John Rosenow, whose family has been producing milk in Wisconsin for more than 175 years, estimates that nearly all the 30,000 workers on Wisconsin farms like his are immigrants. Studies suggest that perhaps three-quarters of those workers don’t have documents.
“Pass comprehensive immigration reform, which Congress won’t do, or don’t enforce immigration laws,” Rosenow says in parsing the farmers’ options. “If we can’t get a new deal, let the market decide workforce needs. Just don’t enforce the law.”
Like many other farmers, Rosenow says he can’t find Americans to work on his farm, even for as much as $20 an hour. Now, 13 of the 18 people he employs are Mexican, many of them part of an extended family from Veracruz state. Lately, recent arrivals from Nicaragua have been taking many of the state’s farm jobs.
Anti-immigrant talk caused disruption in his workforce in Trump’s first term, “leading to serious worker shortages throughout industry. When people realized he was all talk, many started to come back.”
Many of the newest arrivals come with court dates for asylum petitions and are allowed to work while their cases proceed. Others jumped the border without legal papers, often paying thousands of dollars to smugglers.
They’ve already braved criminal gangs, extortion-demanding officials and scorching badlands. They’ll be hunkering down through northern U.S. winters. Many, but not all, say they have no intention of going back.
Leaving their toddler with a relative back in Mexico, Miguel Pérez, 30 and his wife paid smugglers $25,000 to be brought across the Rio Grande through Central Texas and on to Milwaukee. They paid half the money up front — after selling a car and other belongings and borrowing from family and friends.

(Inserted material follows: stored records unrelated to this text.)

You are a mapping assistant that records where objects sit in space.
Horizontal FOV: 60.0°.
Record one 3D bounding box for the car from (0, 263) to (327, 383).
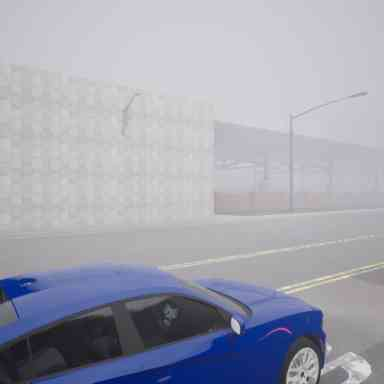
[{"bbox_3d":[-0.691,1.478,3.256,5.008,1.535,1.882,0,0,-36],"label":"car"}]
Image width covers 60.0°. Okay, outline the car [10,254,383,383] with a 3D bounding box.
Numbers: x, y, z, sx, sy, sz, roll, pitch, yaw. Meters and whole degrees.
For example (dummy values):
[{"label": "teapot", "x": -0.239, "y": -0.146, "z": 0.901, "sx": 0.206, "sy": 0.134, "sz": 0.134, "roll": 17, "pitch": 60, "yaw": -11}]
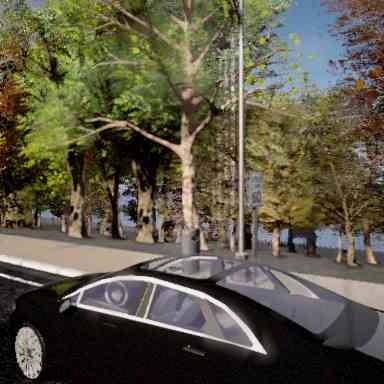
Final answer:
[{"label": "car", "x": -0.234, "y": 1.515, "z": 3.856, "sx": 4.902, "sy": 1.511, "sz": 2.128, "roll": -1, "pitch": 0, "yaw": 36}]
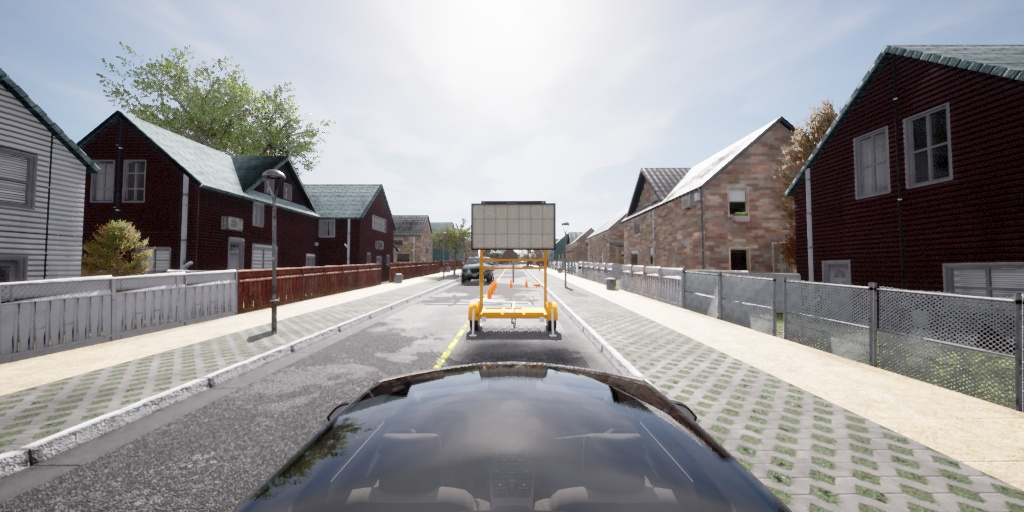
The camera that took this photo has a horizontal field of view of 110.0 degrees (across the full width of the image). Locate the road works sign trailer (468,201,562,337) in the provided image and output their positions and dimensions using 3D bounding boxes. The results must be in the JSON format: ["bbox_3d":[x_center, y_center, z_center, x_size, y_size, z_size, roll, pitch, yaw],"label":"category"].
[{"bbox_3d":[0.042,0.226,10.346,2.380,3.560,2.880,0,0,1],"label":"road works sign trailer"}]

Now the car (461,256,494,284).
[{"bbox_3d":[-2.617,1.046,28.146,2.150,2.045,5.566,0,0,0],"label":"car"}]
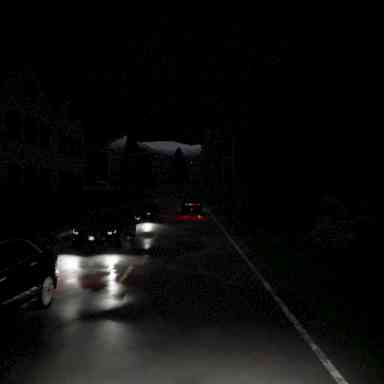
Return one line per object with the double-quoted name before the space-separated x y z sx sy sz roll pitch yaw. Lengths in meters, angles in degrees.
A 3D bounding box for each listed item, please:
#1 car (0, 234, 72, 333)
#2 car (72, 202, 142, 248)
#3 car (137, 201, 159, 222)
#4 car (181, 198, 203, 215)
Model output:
"car" -3.593 1.469 4.830 1.837 1.490 4.892 0 0 0
"car" -3.594 1.399 14.331 1.837 1.490 4.892 0 0 0
"car" -3.562 1.364 24.991 2.033 1.411 5.357 0 0 0
"car" -0.010 1.266 30.783 2.128 1.511 4.902 0 0 0
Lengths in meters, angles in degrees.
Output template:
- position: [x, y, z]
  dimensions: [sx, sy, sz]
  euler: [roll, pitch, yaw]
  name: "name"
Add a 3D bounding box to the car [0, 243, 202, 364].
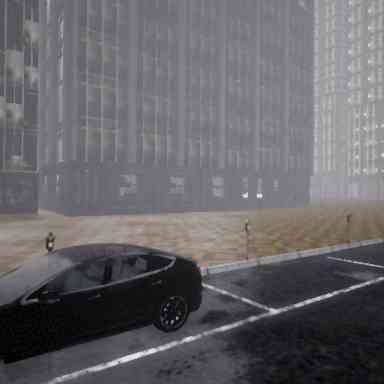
- position: [-1.804, 1.563, 5.262]
  dimensions: [4.313, 1.339, 1.947]
  euler: [0, 1, -35]
  name: "car"

Now six months into their U.S. odyssey, the couple has paid off the smugglers and begun saving money. Miguel recently quit working 12-hour days on a food truck because of the long commute to job sites and from his South Milwaukee neighborhood. A fresh job will be no problem, he says.
While he looks, Miguel’s wife continues putting in hours at a Milwaukee packing house. Their lives revolve around that labor and the few blocks surrounding the room they rent. There isn’t time for much else.
“The hardest and most expensive thing was crossing the border,” Pérez says, chatting on the sidewalk in front of the border shop where the Nicaraguans toil. “But once you cross the border, we found there is plenty of work for everyone.”